With enforcement of the California Consumer Privacy Act of 2018 (CCPA) looming just over the horizon, covered businesses may be surprised to learn that they must look beyond the text of the law in order to achieve full compliance and avoid liability. This is because California Attorney General (AG) Xavier Becerra’s final proposed implementing regulations under the CCPA (the “regulations”) introduce new obligations that extend beyond the scope of the CCPA itself. Below, we discuss five key areas of heightened risks and requirements that companies will need to tackle if they are subject to the CCPA.

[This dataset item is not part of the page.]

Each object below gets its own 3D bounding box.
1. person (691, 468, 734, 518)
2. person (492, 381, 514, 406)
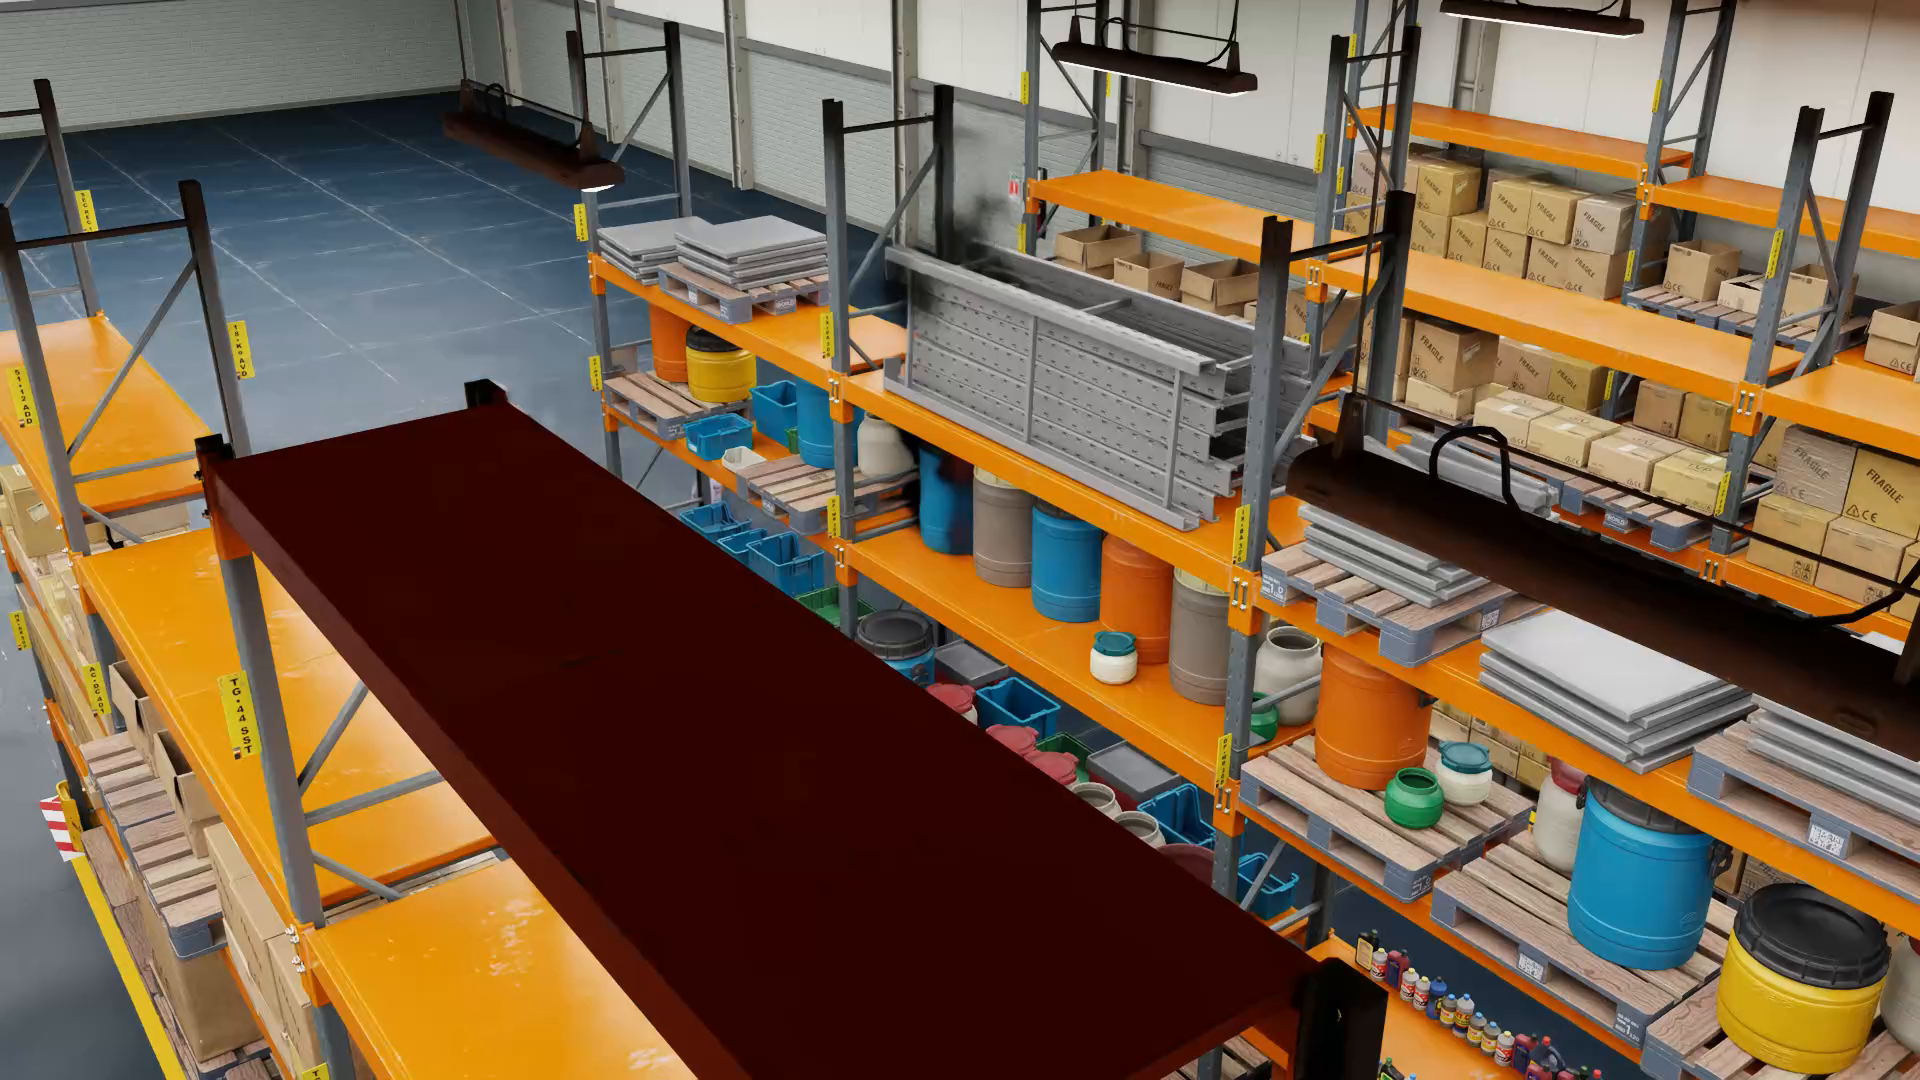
[{"bbox_3d":[-2.613,-0.176,17.480,0.649,1.643,0.677,10,27,21],"label":"person"},{"bbox_3d":[-5.256,-1.006,19.147,0.778,1.756,0.549,-6,25,-12],"label":"person"}]

5 Areas of Heightened Risk for Businesses
While the regulations include many new requirements not found in the CCPA itself, five areas may warrant particularly close attention:
1. Insufficient Notices
Similarly, the CCPA requires businesses to state whether or not they “sell” PI. (Note that “sale” is not limited to selling PI for money, but can include exchanging PI for non-monetary benefits as well.) If a business engages in the “sale” of PI, the CCPA requires the business to give California consumers the right to opt out of the sale of their PI. If a business has not given the consumer an opportunity to opt out and later wishes to start selling his or her PI, the regulations require that the business obtain the consumer’s affirmative authorization to sell his or her PI that the business has already collected. The regulations clarify that it is more important than ever for businesses to get their privacy policies right and not assume that they can simply fix any deficiency by posting an updated version.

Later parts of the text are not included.